Task directions:
Please transcribe every record below exactly as it appears.

Provided entries:
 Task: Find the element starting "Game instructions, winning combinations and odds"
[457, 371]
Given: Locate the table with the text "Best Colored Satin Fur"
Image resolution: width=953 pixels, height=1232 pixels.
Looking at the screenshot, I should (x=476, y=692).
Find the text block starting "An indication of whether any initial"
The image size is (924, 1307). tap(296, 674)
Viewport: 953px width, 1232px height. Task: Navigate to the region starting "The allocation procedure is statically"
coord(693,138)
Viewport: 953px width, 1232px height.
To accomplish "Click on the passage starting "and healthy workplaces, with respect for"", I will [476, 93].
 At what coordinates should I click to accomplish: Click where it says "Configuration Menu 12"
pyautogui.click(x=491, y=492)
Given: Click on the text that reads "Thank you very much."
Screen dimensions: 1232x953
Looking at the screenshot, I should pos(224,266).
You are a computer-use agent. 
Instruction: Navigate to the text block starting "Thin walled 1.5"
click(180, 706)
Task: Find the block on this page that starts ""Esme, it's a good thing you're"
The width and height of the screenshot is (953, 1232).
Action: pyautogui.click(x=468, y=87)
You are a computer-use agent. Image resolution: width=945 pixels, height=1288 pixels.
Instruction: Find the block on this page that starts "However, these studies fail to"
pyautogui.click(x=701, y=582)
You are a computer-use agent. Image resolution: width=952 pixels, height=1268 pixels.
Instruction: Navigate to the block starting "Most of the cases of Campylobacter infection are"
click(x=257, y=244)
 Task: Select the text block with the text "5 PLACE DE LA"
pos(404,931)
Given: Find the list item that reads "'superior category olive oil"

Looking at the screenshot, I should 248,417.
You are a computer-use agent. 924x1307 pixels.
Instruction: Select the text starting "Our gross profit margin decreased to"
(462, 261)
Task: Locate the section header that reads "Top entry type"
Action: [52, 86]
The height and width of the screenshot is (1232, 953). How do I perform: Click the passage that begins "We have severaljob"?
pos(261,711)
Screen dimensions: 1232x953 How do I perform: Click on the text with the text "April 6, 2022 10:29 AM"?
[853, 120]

Task output:
 Task: Find the element starting "Game instructions, winning combinations and odds"
[457, 371]
Given: Locate the table with the text "Best Colored Satin Fur"
Image resolution: width=953 pixels, height=1232 pixels.
Looking at the screenshot, I should (x=476, y=692).
Find the text block starting "An indication of whether any initial"
The image size is (924, 1307). tap(296, 674)
Viewport: 953px width, 1232px height. Task: Navigate to the region starting "The allocation procedure is statically"
coord(693,138)
Viewport: 953px width, 1232px height.
To accomplish "Click on the passage starting "and healthy workplaces, with respect for"", I will [476, 93].
 At what coordinates should I click to accomplish: Click where it says "Configuration Menu 12"
pyautogui.click(x=491, y=492)
Given: Click on the text that reads "Thank you very much."
Screen dimensions: 1232x953
Looking at the screenshot, I should pos(224,266).
You are a computer-use agent. 
Instruction: Navigate to the text block starting "Thin walled 1.5"
click(180, 706)
Task: Find the block on this page that starts ""Esme, it's a good thing you're"
The width and height of the screenshot is (953, 1232).
Action: pyautogui.click(x=468, y=87)
You are a computer-use agent. Image resolution: width=945 pixels, height=1288 pixels.
Instruction: Find the block on this page that starts "However, these studies fail to"
pyautogui.click(x=701, y=582)
You are a computer-use agent. Image resolution: width=952 pixels, height=1268 pixels.
Instruction: Navigate to the block starting "Most of the cases of Campylobacter infection are"
click(x=257, y=244)
 Task: Select the text block with the text "5 PLACE DE LA"
pos(404,931)
Given: Find the list item that reads "'superior category olive oil"

Looking at the screenshot, I should 248,417.
You are a computer-use agent. 924x1307 pixels.
Instruction: Select the text starting "Our gross profit margin decreased to"
(462, 261)
Task: Locate the section header that reads "Top entry type"
Action: [52, 86]
The height and width of the screenshot is (1232, 953). How do I perform: Click the passage that begins "We have severaljob"?
pos(261,711)
Screen dimensions: 1232x953 How do I perform: Click on the text with the text "April 6, 2022 10:29 AM"?
[853, 120]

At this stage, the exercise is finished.